Got the demo working! Just need to compile it for the pico (I need to add the inputs to the pico HAL for that, maybe another hour or so of work, then I'm ready to deploy the demo somewhere and ship!)
Keyboard inputs in wasm work now!! That was quite annoying to do because it turns out that there's no API to get the current state of a key, you have to work it out yourself using event listeners. Time to make the demo! Then I'll do the first ship, and then add some quality-of-life features like builtin sprite rendering, but the core engine is basically done.
Display output in wasm is working! That went smoother than expected and I also made it a nice colour scheme. The canvas is pixel-perfect responsive (and all that logic is in rust because I'm not touching javascript with a metre stick if I can avoid it).
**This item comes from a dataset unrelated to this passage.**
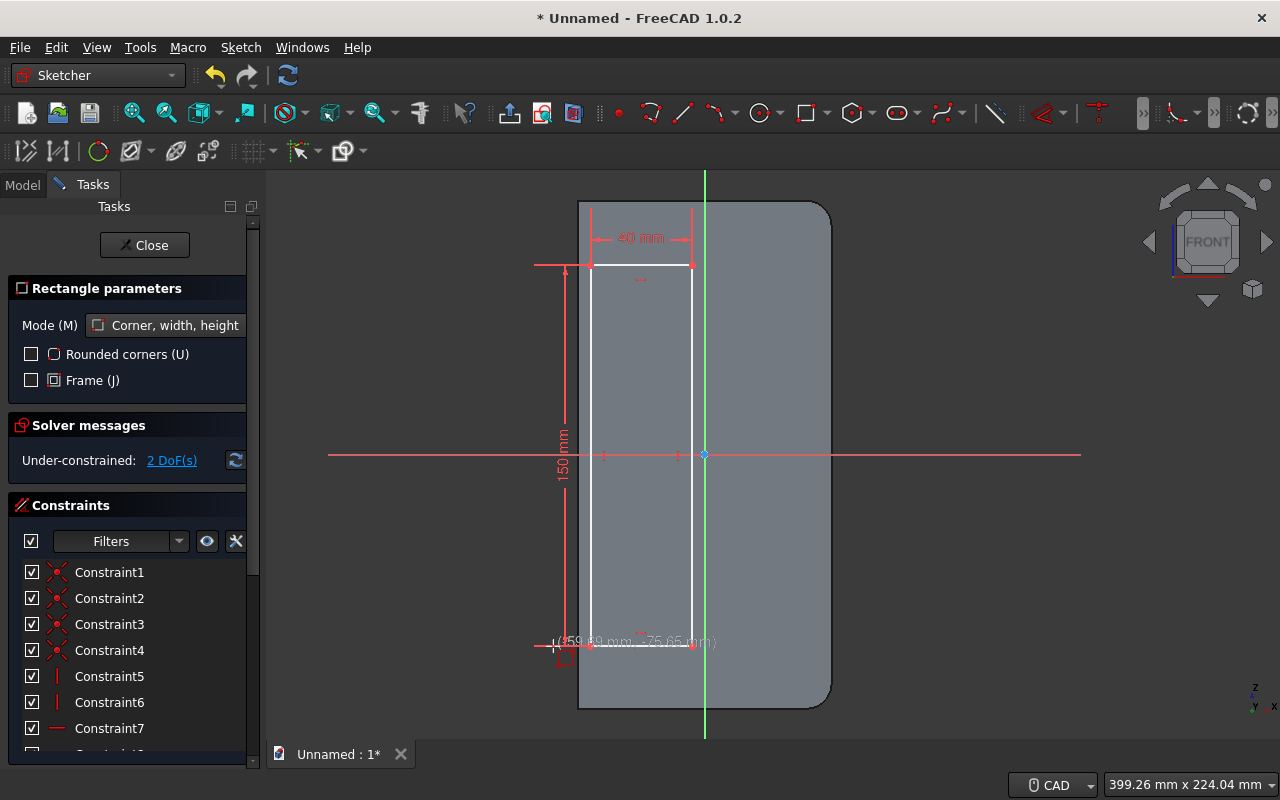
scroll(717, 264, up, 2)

Lesson of the day: mixing async + non-async code = pure pain and suffering. I somehow made it work but it's pain. Also I still don't understand what the hell static lifetimes are but they seem to make the compiler happy. Anyway, delays in wasm work now and the code doesn't crash the main thread anymore. yay.
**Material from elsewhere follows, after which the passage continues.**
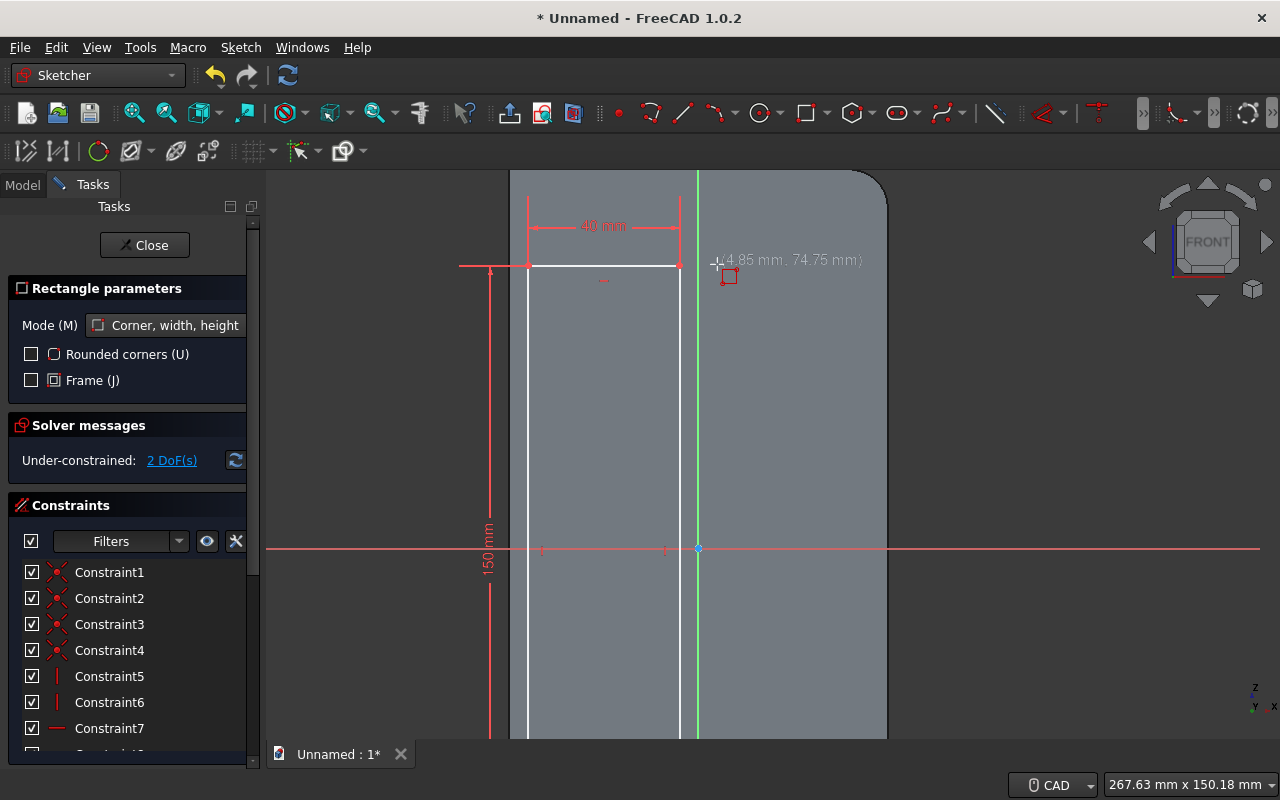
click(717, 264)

Next up is figuring out how to render to a canvas.
Refactored the project to be able to use wasm-pack and added a little webpack npm runner to run the devserver, printing stuff to the console works so we should be good. Just need to implement the HAL for wasm now, then I'll get inputs working, make a simple demo (maybe a dot moving around the screen controlled by wasd/arrows) and then ship the first version. I hope I can get that done by tonight.
Did some more work on individual pixel addressing and framebuffer stuff, here's a nice little pixel scanning across the screen row by row. Also ticks work now, I set the tick rate to ~60 ticks/sec. I need to work on the wasm side of things now, just need to create a HAL for web assembly.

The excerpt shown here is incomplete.